Unschooling can come across as some kind of weird cult if you try to explain it from a theoretical side first. Start with happy kids living rich, full lives and school starts to seem less of an issue.
—Meredith Novak

"How do you respond to family members?"
photo by Sandra Dodd, of Dodd kids and paternal grandmother, early 1990s

Thursday, May 2, 2024

Scattering to learn


Part of a 2004 description of our unschooling home, when three kids and their friends were here:

They come here and we’re working a puzzle or building something and they’ll get into that, too. It’s fun. We do things that are just fun. You can hardly walk by without picking it up and messing with it, too.

Sometimes, someone—my husband and one of the kids—will be doing something in one room and in the next room, some other friends are over and they are playing a video game and in another room or outside, another kid and somebody else are doing something else.

That also is the idea of the open classroom. Their ideal was not to be sitting at desks reading but to sit in a soft place, in a dark place, in a private place or wherever you wanted to, to read. So they tried to have interesting places where kids could get away from the other kids.


Sound file and transcript, of "Improving Unschooling" interview:
SandraDodd.com/radiotranscript
photo by Destiny Dodd, of Kirby Dodd and their daughter, Kirby Dodd.

Wednesday, May 1, 2024

Principles instead of rules

The idea of living by principles has come up before and will come up again. When I first started playing with the idea, in preparation for a conference presentation, I was having a hard time getting even my husband and best friends to understand it. Really bright people local to me, parents, looked at me blankly and said "principles are just another word for rules."

I was determined to figure out how to explain it, but it's still not simple to describe or to accept, and I think it's because our culture is filled with rules, and has little respect for the idea of "principles." It seems moralistic or spiritual to talk about a person's principles, or sometimes people who don't see it that way will still fear it's about to get philosophical and beyond their interest or ability.

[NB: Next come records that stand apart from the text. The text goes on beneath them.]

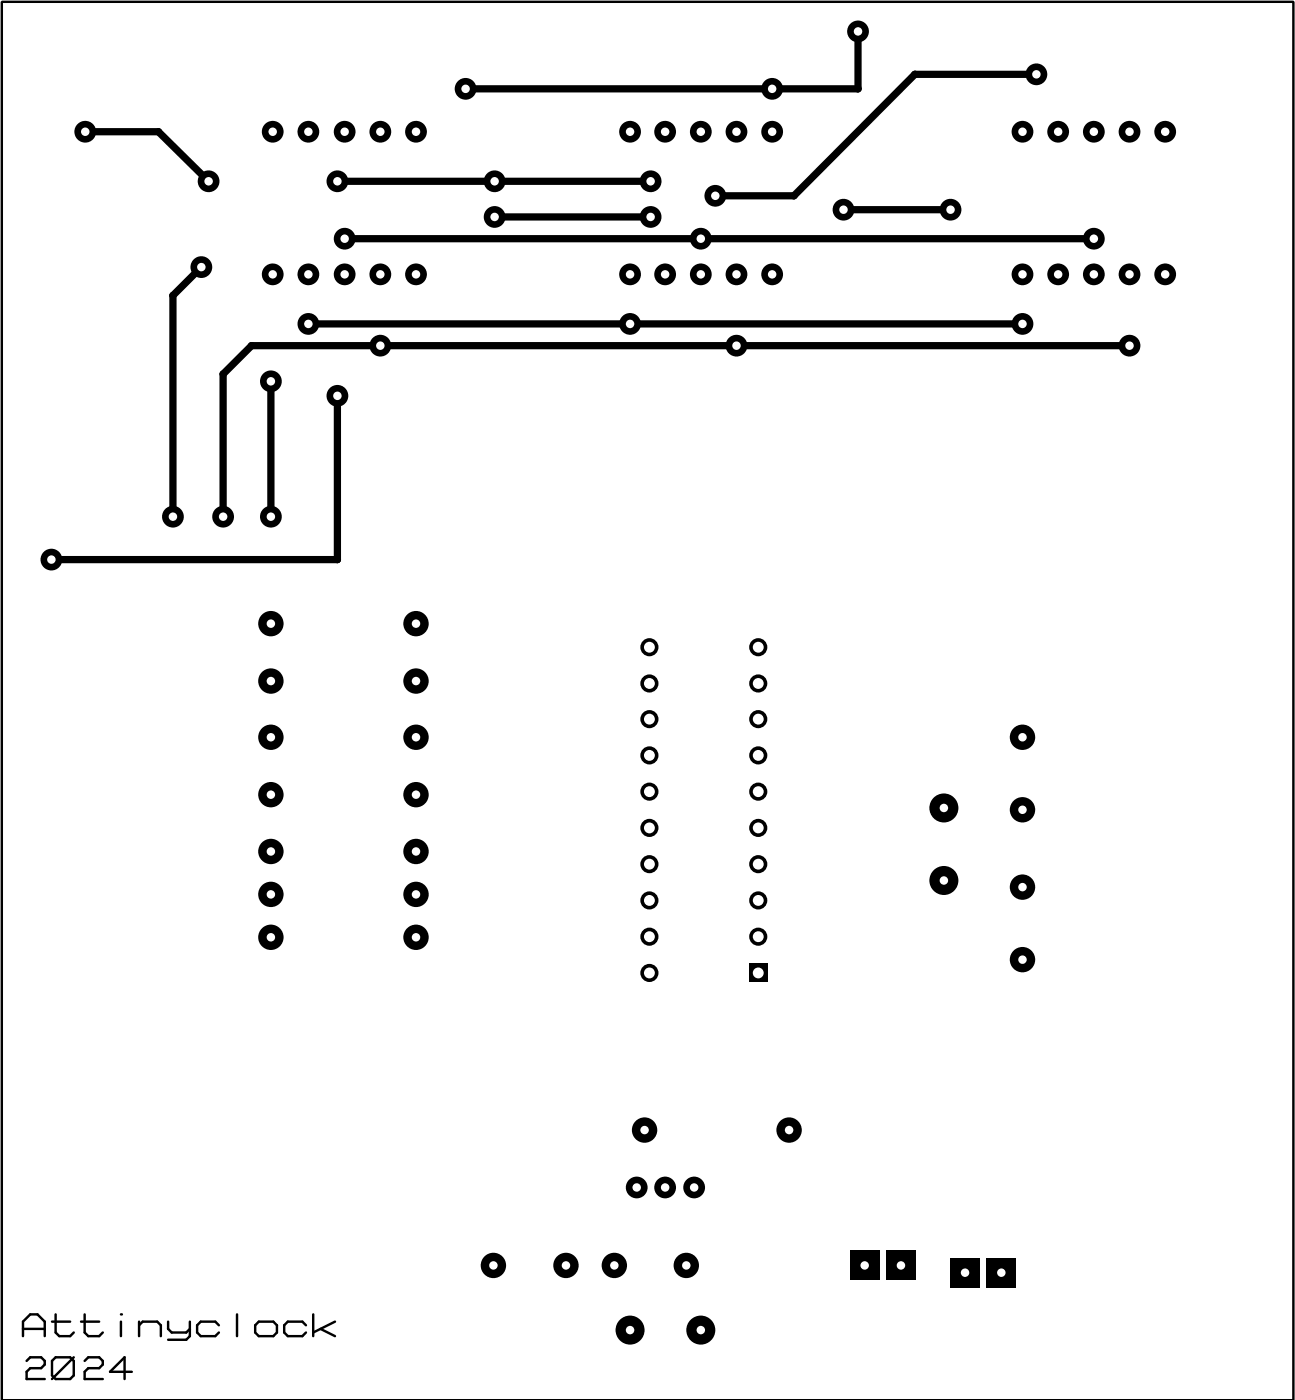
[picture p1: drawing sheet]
<svg xmlns="http://www.w3.org/2000/svg" width="91mm" height="98mm" viewBox="0 0 91 98" stroke-linecap="round" stroke-linejoin="round" font-family="sans-serif">
<path d="M6 9.2h5.1l3.5 3.5M14.1 18.7l-2 2v15.5M23.6 12.7h22M24.1 16.7h52.5M34.6 15.2h11M59.1 14.7h7.4M60.1 2.2v4h-27.5M72.6 5.2h-8.5l-8.5 8.5h-5.5M19 26.7v9.5M21.6 22.7h50M23.6 27.7v11.5h-20M79.1 24.2h-61.5l-2 2v10" fill="none" stroke="#000" stroke-width=".51"/>
<g fill="#000">
<circle cx="11.1" cy="9.2" r=".25"/>
<circle cx="55.6" cy="13.7" r=".25"/>
<circle cx="60.1" cy="2.2" r=".25"/>
<circle cx="60.1" cy="6.2" r=".25"/>
<circle cx="64.1" cy="5.2" r=".25"/>
<circle cx="12.1" cy="20.7" r=".25"/>
<circle cx="15.6" cy="26.2" r=".25"/>
<circle cx="17.6" cy="24.2" r=".25"/>
<circle cx="19" cy="36.2" r=".76"/>
<circle cx="23.6" cy="39.2" r=".25"/>
<circle cx="71.6" cy="22.7" r=".25"/>
</g>
<circle cx="19" cy="36.2" r=".3" fill="#fff"/>
<circle cx="19" cy="26.7" r=".76" fill="#000"/>
<circle cx="19" cy="26.7" r=".3" fill="#fff"/>
<circle cx="12.1" cy="36.2" r=".76" fill="#000"/>
<circle cx="12.1" cy="36.2" r=".3" fill="#fff"/>
<circle cx="14.1" cy="18.7" r=".76" fill="#000"/>
<circle cx="14.1" cy="18.7" r=".3" fill="#fff"/>
<circle cx="15.6" cy="36.2" r=".76" fill="#000"/>
<circle cx="15.6" cy="36.2" r=".3" fill="#fff"/>
<circle cx="26.6" cy="24.2" r=".76" fill="#000"/>
<circle cx="26.6" cy="24.2" r=".3" fill="#fff"/>
<circle cx="23.6" cy="12.7" r=".76" fill="#000"/>
<circle cx="23.6" cy="12.7" r=".3" fill="#fff"/>
<circle cx="14.6" cy="12.7" r=".76" fill="#000"/>
<circle cx="14.6" cy="12.7" r=".3" fill="#fff"/>
<circle cx="3.6" cy="39.2" r=".76" fill="#000"/>
<circle cx="3.6" cy="39.2" r=".3" fill="#fff"/>
<circle cx="23.6" cy="27.7" r=".76" fill="#000"/>
<circle cx="23.6" cy="27.7" r=".3" fill="#fff"/>
<circle cx="45.6" cy="12.7" r=".76" fill="#000"/>
<circle cx="45.6" cy="12.7" r=".3" fill="#fff"/>
<circle cx="32.6" cy="6.2" r=".76" fill="#000"/>
<circle cx="32.6" cy="6.2" r=".3" fill="#fff"/>
<circle cx="21.6" cy="22.7" r=".76" fill="#000"/>
<circle cx="21.6" cy="22.7" r=".3" fill="#fff"/>
<circle cx="49.1" cy="16.7" r=".76" fill="#000"/>
<circle cx="49.1" cy="16.7" r=".3" fill="#fff"/>
<circle cx="24.1" cy="16.7" r=".76" fill="#000"/>
<circle cx="24.1" cy="16.7" r=".3" fill="#fff"/>
<circle cx="51.6" cy="24.2" r=".76" fill="#000"/>
<circle cx="51.6" cy="24.2" r=".3" fill="#fff"/>
<circle cx="72.6" cy="5.2" r=".76" fill="#000"/>
<circle cx="72.6" cy="5.2" r=".3" fill="#fff"/>
<circle cx="50.1" cy="13.7" r=".76" fill="#000"/>
<circle cx="50.1" cy="13.7" r=".3" fill="#fff"/>
<circle cx="45.6" cy="15.2" r=".76" fill="#000"/>
<circle cx="45.6" cy="15.2" r=".3" fill="#fff"/>
<circle cx="34.6" cy="15.2" r=".76" fill="#000"/>
<circle cx="34.6" cy="15.2" r=".3" fill="#fff"/>
<circle cx="66.5" cy="14.7" r=".76" fill="#000"/>
<circle cx="66.5" cy="14.7" r=".3" fill="#fff"/>
<circle cx="59.1" cy="14.7" r=".76" fill="#000"/>
<circle cx="59.1" cy="14.7" r=".3" fill="#fff"/>
<circle cx="76.6" cy="16.7" r=".76" fill="#000"/>
<circle cx="76.6" cy="16.7" r=".3" fill="#fff"/>
<circle cx="79.1" cy="24.2" r=".76" fill="#000"/>
<circle cx="79.1" cy="24.2" r=".3" fill="#fff"/>
<circle cx="71.6" cy="22.7" r=".76" fill="#000"/>
<circle cx="71.6" cy="22.7" r=".3" fill="#fff"/>
<circle cx="44.1" cy="22.7" r=".76" fill="#000"/>
<circle cx="44.1" cy="22.7" r=".3" fill="#fff"/>
<circle cx="60.1" cy="2.2" r=".76" fill="#000"/>
<circle cx="60.1" cy="2.2" r=".3" fill="#fff"/>
<circle cx="54.1" cy="6.2" r=".76" fill="#000"/>
<circle cx="54.1" cy="6.2" r=".3" fill="#fff"/>
<circle cx="34.6" cy="12.7" r=".76" fill="#000"/>
<circle cx="34.6" cy="12.7" r=".3" fill="#fff"/>
<circle cx="6" cy="9.2" r=".76" fill="#000"/>
<circle cx="6" cy="9.2" r=".3" fill="#fff"/>
<circle cx="26.6" cy="9.2" r=".76" fill="#000"/>
<circle cx="26.6" cy="9.2" r=".3" fill="#fff"/>
<circle cx="29.1" cy="9.2" r=".76" fill="#000"/>
<circle cx="29.1" cy="9.2" r=".3" fill="#fff"/>
<circle cx="26.6" cy="19.2" r=".76" fill="#000"/>
<circle cx="26.6" cy="19.2" r=".3" fill="#fff"/>
<circle cx="24.1" cy="9.2" r=".76" fill="#000"/>
<circle cx="24.1" cy="9.2" r=".3" fill="#fff"/>
<circle cx="24.1" cy="19.2" r=".76" fill="#000"/>
<circle cx="24.1" cy="19.2" r=".3" fill="#fff"/>
<circle cx="21.6" cy="19.2" r=".76" fill="#000"/>
<circle cx="21.6" cy="19.2" r=".3" fill="#fff"/>
<circle cx="29.1" cy="19.2" r=".76" fill="#000"/>
<circle cx="29.1" cy="19.2" r=".3" fill="#fff"/>
<circle cx="19.1" cy="19.2" r=".76" fill="#000"/>
<circle cx="19.1" cy="19.2" r=".3" fill="#fff"/>
<circle cx="19.1" cy="9.2" r=".76" fill="#000"/>
<circle cx="19.1" cy="9.2" r=".3" fill="#fff"/>
<circle cx="21.6" cy="9.2" r=".76" fill="#000"/>
<circle cx="21.6" cy="9.2" r=".3" fill="#fff"/>
<circle cx="51.6" cy="9.2" r=".76" fill="#000"/>
<circle cx="51.6" cy="9.2" r=".3" fill="#fff"/>
<circle cx="54.1" cy="9.2" r=".76" fill="#000"/>
<circle cx="54.1" cy="9.2" r=".3" fill="#fff"/>
<circle cx="51.6" cy="19.2" r=".76" fill="#000"/>
<circle cx="51.6" cy="19.2" r=".3" fill="#fff"/>
<circle cx="49.1" cy="9.2" r=".76" fill="#000"/>
<circle cx="49.1" cy="9.2" r=".3" fill="#fff"/>
<circle cx="49.1" cy="19.2" r=".76" fill="#000"/>
<circle cx="49.1" cy="19.2" r=".3" fill="#fff"/>
<circle cx="46.6" cy="19.2" r=".76" fill="#000"/>
<circle cx="46.6" cy="19.2" r=".3" fill="#fff"/>
<circle cx="54.1" cy="19.2" r=".76" fill="#000"/>
<circle cx="54.1" cy="19.2" r=".3" fill="#fff"/>
<circle cx="44.1" cy="19.2" r=".76" fill="#000"/>
<circle cx="44.1" cy="19.2" r=".3" fill="#fff"/>
<circle cx="44.1" cy="9.2" r=".76" fill="#000"/>
<circle cx="44.1" cy="9.2" r=".3" fill="#fff"/>
<circle cx="46.6" cy="9.2" r=".76" fill="#000"/>
<circle cx="46.6" cy="9.2" r=".3" fill="#fff"/>
<circle cx="79.1" cy="9.2" r=".76" fill="#000"/>
<circle cx="79.1" cy="9.2" r=".3" fill="#fff"/>
<circle cx="81.6" cy="9.2" r=".76" fill="#000"/>
<circle cx="81.6" cy="9.2" r=".3" fill="#fff"/>
<circle cx="79.1" cy="19.2" r=".76" fill="#000"/>
<circle cx="79.1" cy="19.2" r=".3" fill="#fff"/>
<circle cx="76.6" cy="9.2" r=".76" fill="#000"/>
<circle cx="76.6" cy="9.2" r=".3" fill="#fff"/>
<circle cx="76.6" cy="19.2" r=".76" fill="#000"/>
<circle cx="76.6" cy="19.2" r=".3" fill="#fff"/>
<circle cx="74.1" cy="19.2" r=".76" fill="#000"/>
<circle cx="74.1" cy="19.2" r=".3" fill="#fff"/>
<circle cx="81.6" cy="19.2" r=".76" fill="#000"/>
<circle cx="81.6" cy="19.2" r=".3" fill="#fff"/>
<circle cx="71.6" cy="19.2" r=".76" fill="#000"/>
<circle cx="71.6" cy="19.2" r=".3" fill="#fff"/>
<circle cx="71.6" cy="9.2" r=".76" fill="#000"/>
<circle cx="71.6" cy="9.2" r=".3" fill="#fff"/>
<circle cx="74.1" cy="9.2" r=".76" fill="#000"/>
<circle cx="74.1" cy="9.2" r=".3" fill="#fff"/>
<path d="M52.5 67.5h1.2v1.3h-1.2z" fill="#000"/>
<circle cx="53.1" cy="68.2" r=".38" fill="#fff"/>
<circle cx="53.1" cy="65.6" r=".64" fill="#000"/>
<circle cx="53.1" cy="65.6" r=".38" fill="#fff"/>
<circle cx="53.1" cy="63.1" r=".64" fill="#000"/>
<circle cx="53.1" cy="63.1" r=".38" fill="#fff"/>
<circle cx="53.1" cy="60.5" r=".64" fill="#000"/>
<circle cx="53.1" cy="60.5" r=".38" fill="#fff"/>
<circle cx="53.1" cy="58" r=".64" fill="#000"/>
<circle cx="53.1" cy="58" r=".38" fill="#fff"/>
<circle cx="53.1" cy="55.5" r=".64" fill="#000"/>
<circle cx="53.1" cy="55.5" r=".38" fill="#fff"/>
<circle cx="53.1" cy="52.9" r=".64" fill="#000"/>
<circle cx="53.1" cy="52.9" r=".38" fill="#fff"/>
<circle cx="53.1" cy="50.4" r=".64" fill="#000"/>
<circle cx="53.1" cy="50.4" r=".38" fill="#fff"/>
<circle cx="53.1" cy="47.9" r=".64" fill="#000"/>
<circle cx="53.1" cy="47.9" r=".38" fill="#fff"/>
<circle cx="53.1" cy="45.3" r=".64" fill="#000"/>
<circle cx="53.1" cy="45.3" r=".38" fill="#fff"/>
<circle cx="45.5" cy="45.3" r=".64" fill="#000"/>
<circle cx="45.5" cy="45.3" r=".38" fill="#fff"/>
<circle cx="45.5" cy="47.9" r=".64" fill="#000"/>
<circle cx="45.5" cy="47.9" r=".38" fill="#fff"/>
<circle cx="45.5" cy="50.4" r=".64" fill="#000"/>
<circle cx="45.5" cy="50.4" r=".38" fill="#fff"/>
<circle cx="45.5" cy="52.9" r=".64" fill="#000"/>
<circle cx="45.5" cy="52.9" r=".38" fill="#fff"/>
<circle cx="45.5" cy="55.5" r=".64" fill="#000"/>
<circle cx="45.5" cy="55.5" r=".38" fill="#fff"/>
<circle cx="45.5" cy="58" r=".64" fill="#000"/>
<circle cx="45.5" cy="58" r=".38" fill="#fff"/>
<circle cx="45.5" cy="60.5" r=".64" fill="#000"/>
<circle cx="45.5" cy="60.5" r=".38" fill="#fff"/>
<circle cx="45.5" cy="63.1" r=".64" fill="#000"/>
<circle cx="45.5" cy="63.1" r=".38" fill="#fff"/>
<circle cx="45.5" cy="65.6" r=".64" fill="#000"/>
<circle cx="45.5" cy="65.6" r=".38" fill="#fff"/>
<circle cx="45.5" cy="68.2" r=".64" fill="#000"/>
<circle cx="45.5" cy="68.2" r=".38" fill="#fff"/>
<circle cx="29.1" cy="65.7" r=".89" fill="#000"/>
<circle cx="29.1" cy="65.7" r=".3" fill="#fff"/>
<circle cx="19" cy="65.7" r=".89" fill="#000"/>
<circle cx="19" cy="65.7" r=".3" fill="#fff"/>
<circle cx="29.1" cy="59.6" r=".89" fill="#000"/>
<circle cx="29.1" cy="59.6" r=".3" fill="#fff"/>
<circle cx="19" cy="59.6" r=".89" fill="#000"/>
<circle cx="19" cy="59.6" r=".3" fill="#fff"/>
<circle cx="29.1" cy="55.7" r=".89" fill="#000"/>
<circle cx="29.1" cy="55.7" r=".3" fill="#fff"/>
<circle cx="19" cy="55.7" r=".89" fill="#000"/>
<circle cx="19" cy="55.7" r=".3" fill="#fff"/>
<circle cx="29.1" cy="51.6" r=".89" fill="#000"/>
<circle cx="29.1" cy="51.6" r=".3" fill="#fff"/>
<circle cx="19" cy="51.6" r=".89" fill="#000"/>
<circle cx="19" cy="51.6" r=".3" fill="#fff"/>
<circle cx="29.1" cy="47.7" r=".89" fill="#000"/>
<circle cx="29.1" cy="47.7" r=".3" fill="#fff"/>
<circle cx="19" cy="47.7" r=".89" fill="#000"/>
<circle cx="19" cy="47.7" r=".3" fill="#fff"/>
<circle cx="29.1" cy="43.7" r=".89" fill="#000"/>
<circle cx="29.1" cy="43.7" r=".3" fill="#fff"/>
<circle cx="19" cy="43.7" r=".89" fill="#000"/>
<circle cx="19" cy="43.7" r=".3" fill="#fff"/>
<circle cx="29.1" cy="62.7" r=".89" fill="#000"/>
<circle cx="29.1" cy="62.7" r=".3" fill="#fff"/>
<circle cx="19" cy="62.7" r=".89" fill="#000"/>
<circle cx="19" cy="62.7" r=".3" fill="#fff"/>
<circle cx="44.1" cy="93.2" r="1.02" fill="#000"/>
<circle cx="44.1" cy="93.2" r=".3" fill="#fff"/>
<circle cx="49.1" cy="93.2" r="1.02" fill="#000"/>
<circle cx="49.1" cy="93.2" r=".3" fill="#fff"/>
<circle cx="48.6" cy="83.2" r=".76" fill="#000"/>
<circle cx="48.6" cy="83.2" r=".3" fill="#fff"/>
<circle cx="46.6" cy="83.2" r=".76" fill="#000"/>
<circle cx="46.6" cy="83.2" r=".3" fill="#fff"/>
<circle cx="44.6" cy="83.2" r=".76" fill="#000"/>
<circle cx="44.6" cy="83.2" r=".3" fill="#fff"/>
<circle cx="66.1" cy="61.7" r="1.02" fill="#000"/>
<circle cx="66.1" cy="61.7" r=".3" fill="#fff"/>
<circle cx="66.1" cy="56.6" r="1.02" fill="#000"/>
<circle cx="66.1" cy="56.6" r=".3" fill="#fff"/>
<circle cx="45.1" cy="79.2" r=".89" fill="#000"/>
<circle cx="45.1" cy="79.2" r=".3" fill="#fff"/>
<circle cx="55.2" cy="79.2" r=".89" fill="#000"/>
<circle cx="55.2" cy="79.2" r=".3" fill="#fff"/>
<path d="M62.1 87.6h2v2.1h-2z" fill="#000"/>
<circle cx="63.1" cy="88.6" r=".3" fill="#fff"/>
<path d="M59.5 87.6h2.1v2.1h-2.1z" fill="#000"/>
<circle cx="60.5" cy="88.6" r=".3" fill="#fff"/>
<path d="M66.5 88.1h2.1v2.1h-2.1z" fill="#000"/>
<circle cx="67.6" cy="89.2" r=".3" fill="#fff"/>
<path d="M69.1 88.1h2v2.1h-2z" fill="#000"/>
<circle cx="70.1" cy="89.2" r=".3" fill="#fff"/>
<circle cx="48" cy="88.6" r=".89" fill="#000"/>
<circle cx="48" cy="88.6" r=".3" fill="#fff"/>
<circle cx="43" cy="88.6" r=".89" fill="#000"/>
<circle cx="43" cy="88.6" r=".3" fill="#fff"/>
<circle cx="34.5" cy="88.6" r=".89" fill="#000"/>
<circle cx="34.5" cy="88.6" r=".3" fill="#fff"/>
<circle cx="39.6" cy="88.6" r=".89" fill="#000"/>
<circle cx="39.6" cy="88.6" r=".3" fill="#fff"/>
<circle cx="71.6" cy="51.6" r=".89" fill="#000"/>
<circle cx="71.6" cy="51.6" r=".3" fill="#fff"/>
<circle cx="71.6" cy="56.7" r=".89" fill="#000"/>
<circle cx="71.6" cy="56.7" r=".3" fill="#fff"/>
<circle cx="71.6" cy="67.2" r=".89" fill="#000"/>
<circle cx="71.6" cy="67.2" r=".3" fill="#fff"/>
<circle cx="71.6" cy="62.1" r=".89" fill="#000"/>
<circle cx="71.6" cy="62.1" r=".3" fill="#fff"/>
<g fill="none" stroke="#000" stroke-width=".17">
<path d="M.1 .1h90.5v98h-90.5zM1.6 93.6v-1l.5-.5h.5l.5 .5v1M1.6 93.1h1.5M1.9 95.3l.2-.2h.8l.2 .2v.3l-.2 .2h-.8l-.2 .3v.5h1.2M3.6 92.6h1.3M3.9 92.1v1.2l.2 .3h.8l.3-.3M3.9 95.1h1l.3 .2v1.1l-.3 .2h-1l-.3-.2v-1.1zM5.2 95.1l-1.6 1.5M5.7 92.6h1.2M5.9 92.1v1.2l.3 .3h.7l.3-.3M5.9 95.3l.3-.2h.7l.3 .2v.3l-.3 .2h-.7l-.3 .3v.5h1.3M8.5 92.1h.1"/>
<path d="M8.5 92.6v1M9.2 96.1h-1.5l1-1v1.5M9.7 92.8l.3-.2h1l.3 .2v.8M9.7 92.6v1M11.8 92.6v.5l.2 .2h1l.3-.2M13.3 92.6v1l-.3 .3h-1.2M15.3 92.8l-.2-.2h-1l-.3 .2v.5l.3 .3h1l.2-.3M16.6 92.1v1.5M17.9 92.8l.2-.2h1l.3 .2v.5l-.3 .3h-1l-.2-.3zM21.4 92.8l-.2-.2h-1l-.3 .2v.5l.3 .3h1l.2-.3M21.9 92.1v1.5M22.4 93.1l1.1 .5"/>
<path d="M23.5 92.6l-1.6 .7"/>
</g>
</svg>

Rules are things like "Never hit the dog," and "Don't talk to strangers."

Principles are more like "Being gentle to the dog is good for the dog and good for you too," or "People you don't know could be dangerous." They are not "what to do." They are "how do you decide?" and "why?" in the realm of thought and decision making.

The answer to most questions is "it depends."

What it depends on often has to do with principles.